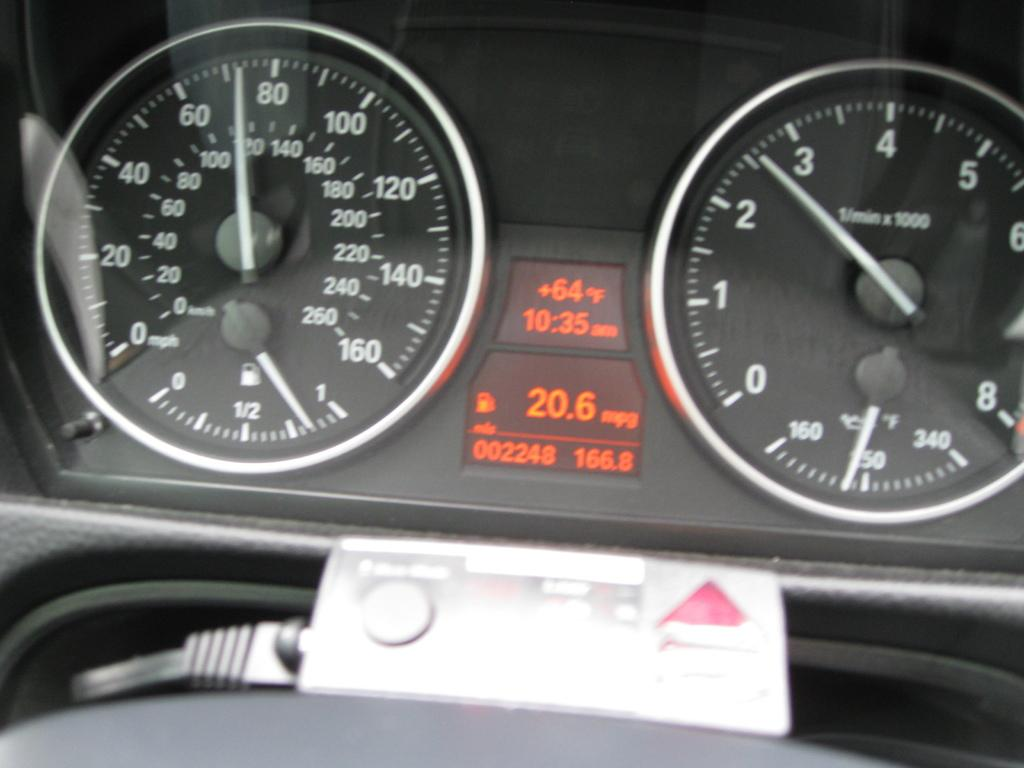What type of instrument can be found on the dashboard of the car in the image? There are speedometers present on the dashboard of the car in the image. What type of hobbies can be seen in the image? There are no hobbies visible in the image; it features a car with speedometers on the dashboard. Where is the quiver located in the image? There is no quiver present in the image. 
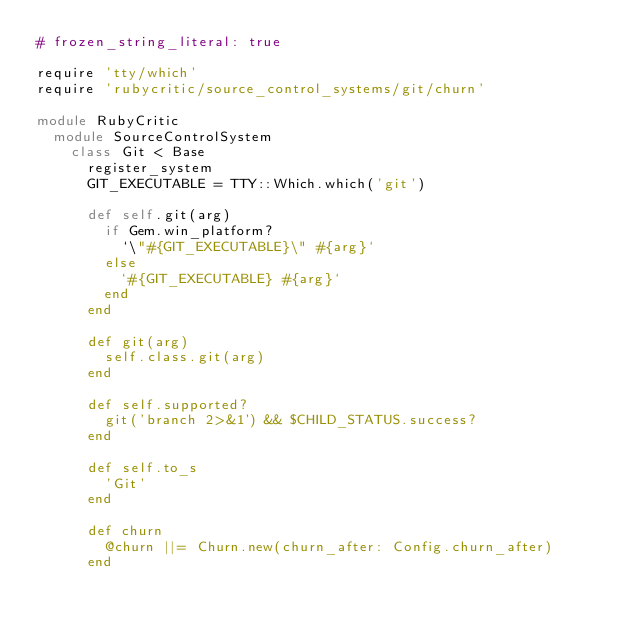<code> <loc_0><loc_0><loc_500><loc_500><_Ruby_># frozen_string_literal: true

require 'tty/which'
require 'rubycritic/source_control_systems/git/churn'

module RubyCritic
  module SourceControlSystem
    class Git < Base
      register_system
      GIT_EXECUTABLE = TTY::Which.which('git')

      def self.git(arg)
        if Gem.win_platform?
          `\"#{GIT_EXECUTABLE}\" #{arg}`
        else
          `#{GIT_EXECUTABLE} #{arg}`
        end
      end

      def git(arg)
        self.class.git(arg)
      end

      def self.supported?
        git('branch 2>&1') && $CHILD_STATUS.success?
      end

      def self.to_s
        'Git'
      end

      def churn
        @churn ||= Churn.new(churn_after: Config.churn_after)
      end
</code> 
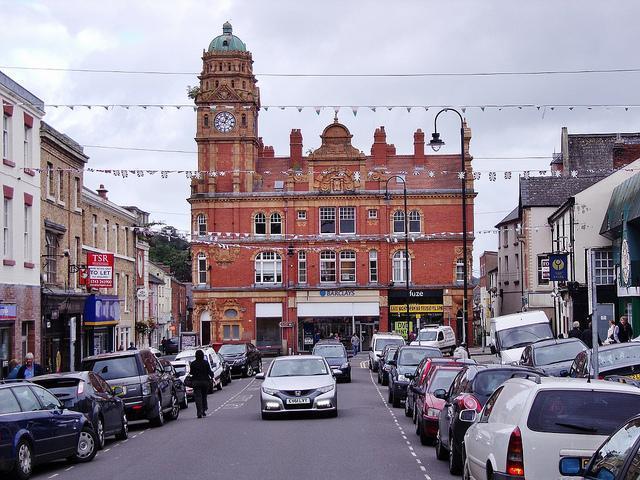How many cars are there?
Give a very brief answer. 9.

____

* [Work instruction] Go through the listing above and pull out each line containing the word "churn".

* [Result]
require 'rubycritic/source_control_systems/git/churn'
      def churn
        @churn ||= Churn.new(churn_after: Config.churn_after)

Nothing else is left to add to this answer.